Go through the material below and copy each line where the word "Labels" appears.
(Dataset extract)
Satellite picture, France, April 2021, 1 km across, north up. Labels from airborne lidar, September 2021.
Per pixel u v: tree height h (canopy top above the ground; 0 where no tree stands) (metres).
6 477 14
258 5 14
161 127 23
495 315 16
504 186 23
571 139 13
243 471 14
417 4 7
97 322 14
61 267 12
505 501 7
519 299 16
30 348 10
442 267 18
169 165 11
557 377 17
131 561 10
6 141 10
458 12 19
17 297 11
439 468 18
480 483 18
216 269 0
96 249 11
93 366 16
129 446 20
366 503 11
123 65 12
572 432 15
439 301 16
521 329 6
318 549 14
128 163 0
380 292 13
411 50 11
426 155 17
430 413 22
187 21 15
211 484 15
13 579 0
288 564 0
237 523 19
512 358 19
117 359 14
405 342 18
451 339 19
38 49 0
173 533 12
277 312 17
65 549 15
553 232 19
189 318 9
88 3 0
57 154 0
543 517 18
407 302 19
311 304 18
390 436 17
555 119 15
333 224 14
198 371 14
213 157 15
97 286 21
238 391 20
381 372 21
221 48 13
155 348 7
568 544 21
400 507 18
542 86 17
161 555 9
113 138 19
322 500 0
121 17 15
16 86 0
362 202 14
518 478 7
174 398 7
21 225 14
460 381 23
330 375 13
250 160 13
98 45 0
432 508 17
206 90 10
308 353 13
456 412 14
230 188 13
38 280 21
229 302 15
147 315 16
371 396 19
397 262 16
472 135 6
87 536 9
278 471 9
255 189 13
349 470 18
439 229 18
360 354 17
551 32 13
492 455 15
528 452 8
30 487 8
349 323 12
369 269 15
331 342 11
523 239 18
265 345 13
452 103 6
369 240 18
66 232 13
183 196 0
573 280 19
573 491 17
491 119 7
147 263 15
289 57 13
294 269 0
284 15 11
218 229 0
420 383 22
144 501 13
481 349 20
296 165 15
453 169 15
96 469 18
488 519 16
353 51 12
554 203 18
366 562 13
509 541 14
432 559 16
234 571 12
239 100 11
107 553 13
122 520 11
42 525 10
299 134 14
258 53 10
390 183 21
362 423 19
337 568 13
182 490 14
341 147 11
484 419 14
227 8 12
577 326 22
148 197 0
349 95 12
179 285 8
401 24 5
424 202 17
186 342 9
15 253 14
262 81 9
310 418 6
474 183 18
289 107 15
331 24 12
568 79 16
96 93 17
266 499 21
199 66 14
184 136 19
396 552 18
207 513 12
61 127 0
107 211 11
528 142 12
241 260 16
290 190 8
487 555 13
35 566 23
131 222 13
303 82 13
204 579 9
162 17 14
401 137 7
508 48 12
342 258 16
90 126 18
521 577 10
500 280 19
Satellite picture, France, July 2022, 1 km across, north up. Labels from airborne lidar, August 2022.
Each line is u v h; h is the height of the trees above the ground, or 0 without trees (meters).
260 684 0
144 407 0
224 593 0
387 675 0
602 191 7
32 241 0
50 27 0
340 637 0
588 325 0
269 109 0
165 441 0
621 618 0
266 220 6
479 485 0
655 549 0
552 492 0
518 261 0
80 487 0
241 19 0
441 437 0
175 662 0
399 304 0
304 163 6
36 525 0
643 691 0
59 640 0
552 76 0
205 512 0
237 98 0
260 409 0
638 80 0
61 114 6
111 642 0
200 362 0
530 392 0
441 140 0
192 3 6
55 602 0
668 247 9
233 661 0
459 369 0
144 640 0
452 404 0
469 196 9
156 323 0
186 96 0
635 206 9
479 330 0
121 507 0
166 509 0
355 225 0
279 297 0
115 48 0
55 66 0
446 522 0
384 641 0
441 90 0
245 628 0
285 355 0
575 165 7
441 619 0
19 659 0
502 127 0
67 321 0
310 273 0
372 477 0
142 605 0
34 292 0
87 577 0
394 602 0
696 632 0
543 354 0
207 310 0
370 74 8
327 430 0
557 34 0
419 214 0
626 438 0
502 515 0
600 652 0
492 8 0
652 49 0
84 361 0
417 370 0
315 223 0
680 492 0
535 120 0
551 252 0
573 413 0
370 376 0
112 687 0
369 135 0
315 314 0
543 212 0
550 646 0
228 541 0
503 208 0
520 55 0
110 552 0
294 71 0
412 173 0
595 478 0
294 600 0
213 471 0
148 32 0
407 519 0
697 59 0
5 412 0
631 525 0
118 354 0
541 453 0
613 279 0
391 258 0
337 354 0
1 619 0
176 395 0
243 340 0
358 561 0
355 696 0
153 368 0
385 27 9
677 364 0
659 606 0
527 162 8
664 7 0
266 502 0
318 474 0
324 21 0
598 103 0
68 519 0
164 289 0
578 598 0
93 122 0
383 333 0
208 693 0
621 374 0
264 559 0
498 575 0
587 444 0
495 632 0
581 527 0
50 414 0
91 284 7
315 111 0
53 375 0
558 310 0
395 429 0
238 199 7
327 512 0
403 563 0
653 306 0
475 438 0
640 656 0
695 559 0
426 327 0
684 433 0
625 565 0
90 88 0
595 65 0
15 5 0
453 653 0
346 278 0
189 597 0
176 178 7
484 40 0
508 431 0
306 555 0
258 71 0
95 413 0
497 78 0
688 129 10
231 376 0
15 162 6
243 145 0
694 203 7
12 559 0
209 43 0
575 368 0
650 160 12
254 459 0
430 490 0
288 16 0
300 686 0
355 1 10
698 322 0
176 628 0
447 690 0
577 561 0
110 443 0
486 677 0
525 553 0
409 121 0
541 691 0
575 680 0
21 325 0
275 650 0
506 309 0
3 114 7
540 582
(End Dataset extract)
- _Answer box_
Satellite picture, France, April 2021, 1 km across, north up. Labels from airborne lidar, September 2021.
Satellite picture, France, July 2022, 1 km across, north up. Labels from airborne lidar, August 2022.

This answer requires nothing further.